WORK REQUEST: Below are some records. Copy every line in them that holds "each".

Items listed in a dataset:
....

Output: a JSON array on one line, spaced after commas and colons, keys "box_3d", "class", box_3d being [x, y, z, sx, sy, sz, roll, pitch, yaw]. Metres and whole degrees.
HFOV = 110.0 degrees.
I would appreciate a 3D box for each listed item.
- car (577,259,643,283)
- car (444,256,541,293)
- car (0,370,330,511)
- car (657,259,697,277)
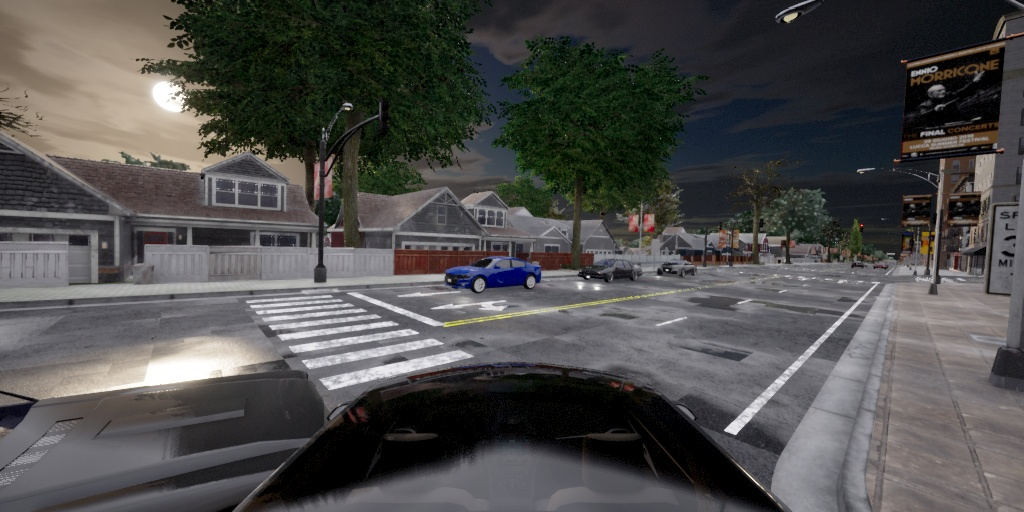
[{"box_3d": [6.559, 0.889, 23.416, 5.357, 1.411, 2.033, 0, 3, -43], "class": "car"}, {"box_3d": [-0.769, 0.762, 16.667, 5.008, 1.535, 1.882, 0, 3, -43], "class": "car"}, {"box_3d": [-3.325, 1.279, 1.539, 4.718, 1.301, 1.895, 1, 2, -33], "class": "car"}, {"box_3d": [13.919, 0.966, 30.165, 4.181, 1.385, 1.994, 0, 3, -43], "class": "car"}]
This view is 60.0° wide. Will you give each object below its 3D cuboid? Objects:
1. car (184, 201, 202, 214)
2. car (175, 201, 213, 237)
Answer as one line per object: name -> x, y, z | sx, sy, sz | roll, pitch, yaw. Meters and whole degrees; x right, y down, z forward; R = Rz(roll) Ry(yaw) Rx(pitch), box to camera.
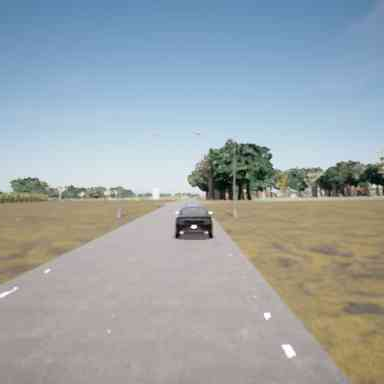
car -> 0.094, 1.670, 37.476 | 1.895, 1.301, 4.718 | 0, 0, 0
car -> 0.097, 1.499, 18.155 | 1.882, 1.535, 5.008 | 0, 0, 0

....

RESPONSE:
I would appreciate a 3D box for each listed item.
This view is 60.0° wide. Will you give each object below its 3D cuboid? Objects:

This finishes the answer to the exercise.